- Quelle lecture faites-vous aux chiffres enregistrés sur la divorcialité en Algérie ? ́
L’ONS nous donne un chiffre global du taux de divorces sans détailler les types de divorce connus et utilisés. Il est donc difficile d’apprécier l’ampleur, si elle existe, des demandes de ruptures du lien conjugal qui sont le divorce par volonté unilatérale appelé communément répudiation, exercé par l’époux, (divorce abusif), le divorce par consentement mutuel, le divorce à la demande de l’épouse (tatliq) dans les 10 cas prévus par la loi, art 53, et le khol qui est un divorce par compensation demandé par l’épouse.
Il faut rappeler que Le khol est le corollaire de la répudiation, car il est demandé par l’un ou l’autre des époux sans invoquer les motifs de la séparation. Ces deux formes de rupture du lien conjugal ont pour source un verset du Coran que les docteurs des écoles juridiques musulmanes ont repris. Le législateur algérien a repris dans le code de la famille en 1984 ces 2 formes de divorce qui sont très utilisées par les conjoints pour se séparer rapidement, bien entendu, après les trois tentatives de conciliation réalisées par le juge.
Si le divorce par volonté unilatérale a été très utilisé et continue à l’être depuis 1984, le khol, bien que prévu dans le code de la famille de 1984, a commencé à être invoqué dans les années 2000. En 2004, 2006 la Cour suprême en a fixé les contours selon la référence au droit musulman rappelant que le khol est un droit de la femme ne nécessitant pas l’accord du mari sauf pour le montant de la compensation financière, alignée sur le montant de la dot.
Ce qui a justement été repris dans les modifications du code en 2005. Le nombre de demandes de divorce par le biais du khol en 2022 était estimé à 11 000 cas sur un global de 84 072 divorces. Se peut-il que cela soit le khol qui dérange ? Il semble que oui, car celui-ci est un droit de la femme qui use de la liberté de se défaire du lien conjugal comme il est écrit dans le verset du Coran. Il est le corollaire de la liberté accordée à l’époux de répudier.
L’époux serait atteint dans sa dignité quand sa femme invoque le khol, mais l’épouse l’est aussi quand son époux la répudie. La société évolue, les mentalités également, le droit de rompre le lien conjugal accordé à l’époux est aussi accordé à l’épouse, tel que l’affirme le verset du Coran repris par le code. Se peut-il que, cette forme de divorce porte atteinte à la stabilité de la famille ? Les chiffres de demande du khol sont dérisoires par rapport à ceux de la répudiation.

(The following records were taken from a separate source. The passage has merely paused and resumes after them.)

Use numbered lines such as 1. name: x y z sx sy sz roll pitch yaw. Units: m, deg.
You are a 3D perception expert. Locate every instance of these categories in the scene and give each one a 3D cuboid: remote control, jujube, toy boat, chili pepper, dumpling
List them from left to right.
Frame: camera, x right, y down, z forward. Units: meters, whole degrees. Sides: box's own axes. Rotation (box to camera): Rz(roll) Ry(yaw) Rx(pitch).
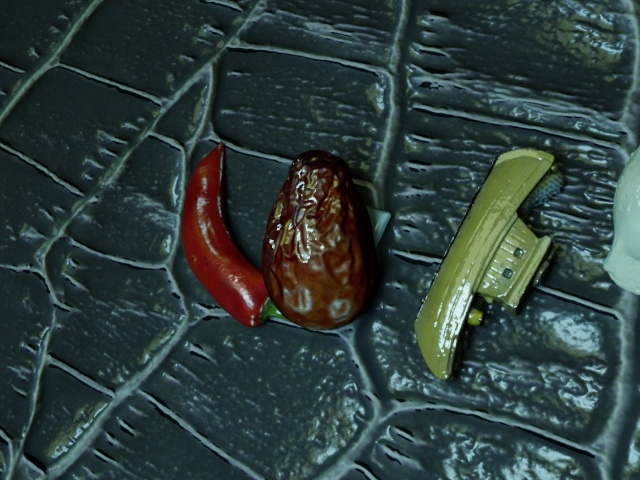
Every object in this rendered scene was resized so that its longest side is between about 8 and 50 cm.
1. chili pepper: -0.137 0.004 1.299 0.137 0.092 0.368 -29 64 -3
2. jujube: 0.000 0.000 1.159 0.168 0.168 0.237 9 107 28
3. remote control: 0.023 -0.039 1.266 0.166 0.029 0.065 21 83 31
4. toy boat: 0.226 0.034 1.108 0.121 0.089 0.321 26 84 19
5. dumpling: 0.433 -0.043 1.017 0.166 0.126 0.216 20 78 14
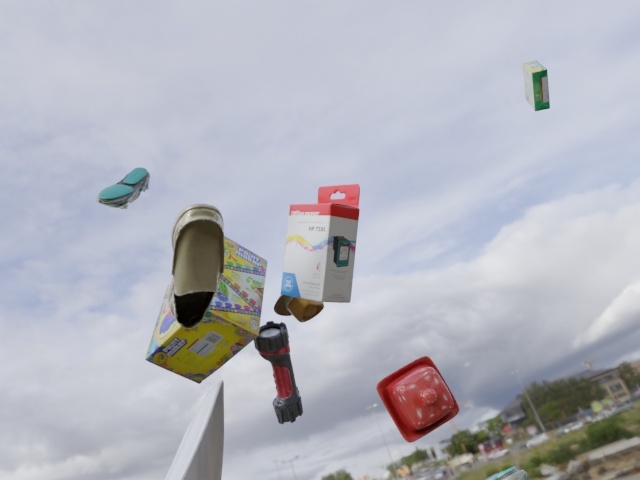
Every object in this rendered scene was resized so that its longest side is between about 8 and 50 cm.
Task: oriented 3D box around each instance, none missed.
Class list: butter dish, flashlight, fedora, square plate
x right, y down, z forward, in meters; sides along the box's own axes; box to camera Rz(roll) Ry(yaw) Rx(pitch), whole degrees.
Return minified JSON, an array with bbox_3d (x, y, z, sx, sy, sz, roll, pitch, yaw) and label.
[{"bbox_3d":[0.237,0.362,1.267,0.160,0.160,0.118,-26,-13,-15],"label":"butter dish"},{"bbox_3d":[-0.119,0.384,1.574,0.103,0.103,0.303,-10,-70,-5],"label":"flashlight"},{"bbox_3d":[-0.046,0.188,1.643,0.194,0.079,0.194,-27,-30,-17],"label":"fedora"},{"bbox_3d":[-0.242,0.494,1.009,0.049,0.344,0.346,7,-67,3],"label":"square plate"}]

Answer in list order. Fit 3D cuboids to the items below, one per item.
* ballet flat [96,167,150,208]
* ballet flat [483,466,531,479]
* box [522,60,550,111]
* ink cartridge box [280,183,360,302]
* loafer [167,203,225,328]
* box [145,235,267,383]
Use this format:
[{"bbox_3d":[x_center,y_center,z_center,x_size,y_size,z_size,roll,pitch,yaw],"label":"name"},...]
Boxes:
[{"bbox_3d":[-0.456,-0.109,1.289,0.070,0.070,0.188,-37,12,31],"label":"ballet flat"},{"bbox_3d":[0.288,0.399,0.855,0.072,0.068,0.213,-27,-27,-5],"label":"ballet flat"},{"bbox_3d":[0.574,-0.417,1.471,0.043,0.179,0.105,-9,-66,13],"label":"box"},{"bbox_3d":[0.000,0.000,1.072,0.078,0.230,0.134,8,-4,-40],"label":"ink cartridge box"},{"bbox_3d":[-0.225,0.056,1.017,0.102,0.092,0.268,-3,-53,-24],"label":"loafer"},{"bbox_3d":[-0.310,0.190,1.529,0.177,0.279,0.290,32,-56,-24],"label":"box"}]
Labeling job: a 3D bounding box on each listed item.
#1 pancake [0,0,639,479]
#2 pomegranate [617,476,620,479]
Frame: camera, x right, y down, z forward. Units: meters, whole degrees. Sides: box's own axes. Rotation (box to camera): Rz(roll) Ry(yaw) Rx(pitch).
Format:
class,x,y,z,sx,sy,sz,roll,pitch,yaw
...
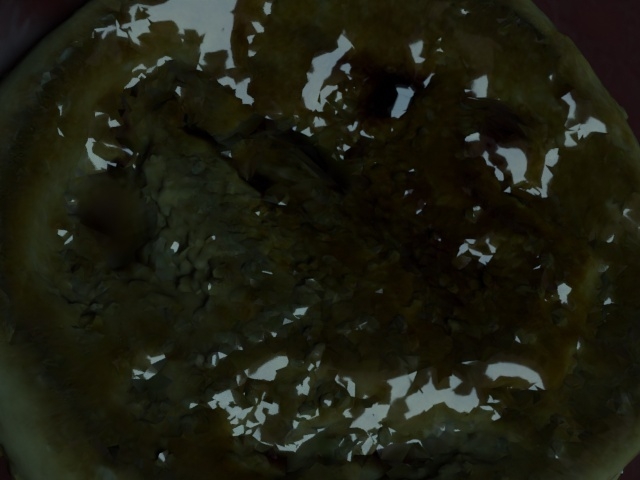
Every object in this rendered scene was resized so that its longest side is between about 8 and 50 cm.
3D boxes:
class,x,y,z,sx,sy,sz,roll,pitch,yaw
pancake,0.000,0.001,0.583,0.356,0.065,0.356,3,68,-7
pomegranate,0.063,0.145,0.679,0.207,0.207,0.207,-8,106,-27

- Quels sont, à votre avis, les motifs et les causes de ce recours rapide au divorce ?
Le recours à la répudiation (divorce par volonté unilatérale), le divorce par consentement mutuel et le khol est la rapidité de la procédure engagée. En trois mois, il est mis fin à la relation conjugale. Alors que pour le Tatlik, divorce demandé par l’épouse dans les dix cas de l’article 53, la procédure est plus longue, éprouvante et soumise à la production de preuves, soit un jugement ou autre prenant plus de temps et difficile à obtenir.
Souvent les femmes sont confrontées à un rejet de leur demande. C’est pourquoi les femmes qui sont confrontées à ces difficultés préfèrent avoir recours au khol pour éviter la longueur de la procédure et éviter de prouver ou de justifier leur demande. C’est aussi un moyen de préserver la dignité de l’époux, car parfois les raisons de la rupture sont graves.
- Nombreux se plaignent de la situation post- divorce, les dispositions de la loi ne sont pas toujours respectées, que proposez-vous comme solution ?
Les effets du divorce touchent les enfants en premier lieu, la pension alimentaire est dérisoire, surtout pour les mamans qui ne travaillent pas, les pères ne paient pas ou traînent dans le paiement des mensualités. Intervient alors la procédure de saisine du Fonds de garantie de la pension alimentaire. Le montant du loyer octroyé pour exercer la garde n’est pas suffisant pour louer un logement. La pension d’abandon allouée à la maman par le jugement de divorce est calculée sur une année de mariage, généralement le calcul commence dès l’introduction de l’instance jusqu’au prononcé de la décision de rupture.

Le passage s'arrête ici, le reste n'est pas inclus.